Stored entries
--------------------
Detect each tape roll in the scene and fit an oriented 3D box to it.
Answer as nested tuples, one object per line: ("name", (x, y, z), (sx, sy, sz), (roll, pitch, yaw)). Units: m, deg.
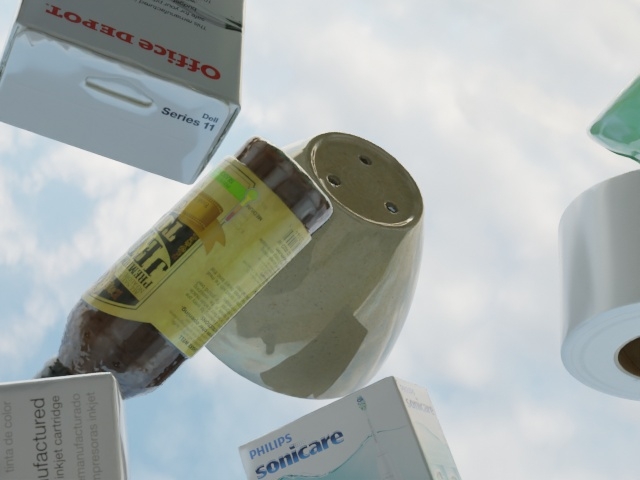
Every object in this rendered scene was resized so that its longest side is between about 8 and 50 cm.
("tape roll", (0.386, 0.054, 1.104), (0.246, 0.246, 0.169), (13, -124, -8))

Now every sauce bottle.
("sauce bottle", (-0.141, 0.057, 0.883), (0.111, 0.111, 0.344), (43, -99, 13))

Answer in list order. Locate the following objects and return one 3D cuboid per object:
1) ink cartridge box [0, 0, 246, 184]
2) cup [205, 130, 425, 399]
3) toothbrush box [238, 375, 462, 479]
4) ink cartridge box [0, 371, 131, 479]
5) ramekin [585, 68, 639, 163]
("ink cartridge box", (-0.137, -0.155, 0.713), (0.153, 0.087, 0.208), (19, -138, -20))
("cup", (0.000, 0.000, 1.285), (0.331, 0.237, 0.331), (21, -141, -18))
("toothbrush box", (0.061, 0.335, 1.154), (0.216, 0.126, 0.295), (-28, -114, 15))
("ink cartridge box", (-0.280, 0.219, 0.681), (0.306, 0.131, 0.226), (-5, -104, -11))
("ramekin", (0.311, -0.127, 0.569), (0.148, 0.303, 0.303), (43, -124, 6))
--------------------
» **TASK GOAL**: Word for word, repeat the lines from the one holding "Every object in" through the last line of the entries, both included.

» **ANSWER SPACE**:
Every object in this rendered scene was resized so that its longest side is between about 8 and 50 cm.
("tape roll", (0.386, 0.054, 1.104), (0.246, 0.246, 0.169), (13, -124, -8))

Now every sauce bottle.
("sauce bottle", (-0.141, 0.057, 0.883), (0.111, 0.111, 0.344), (43, -99, 13))

Answer in list order. Locate the following objects and return one 3D cuboid per object:
1) ink cartridge box [0, 0, 246, 184]
2) cup [205, 130, 425, 399]
3) toothbrush box [238, 375, 462, 479]
4) ink cartridge box [0, 371, 131, 479]
5) ramekin [585, 68, 639, 163]
("ink cartridge box", (-0.137, -0.155, 0.713), (0.153, 0.087, 0.208), (19, -138, -20))
("cup", (0.000, 0.000, 1.285), (0.331, 0.237, 0.331), (21, -141, -18))
("toothbrush box", (0.061, 0.335, 1.154), (0.216, 0.126, 0.295), (-28, -114, 15))
("ink cartridge box", (-0.280, 0.219, 0.681), (0.306, 0.131, 0.226), (-5, -104, -11))
("ramekin", (0.311, -0.127, 0.569), (0.148, 0.303, 0.303), (43, -124, 6))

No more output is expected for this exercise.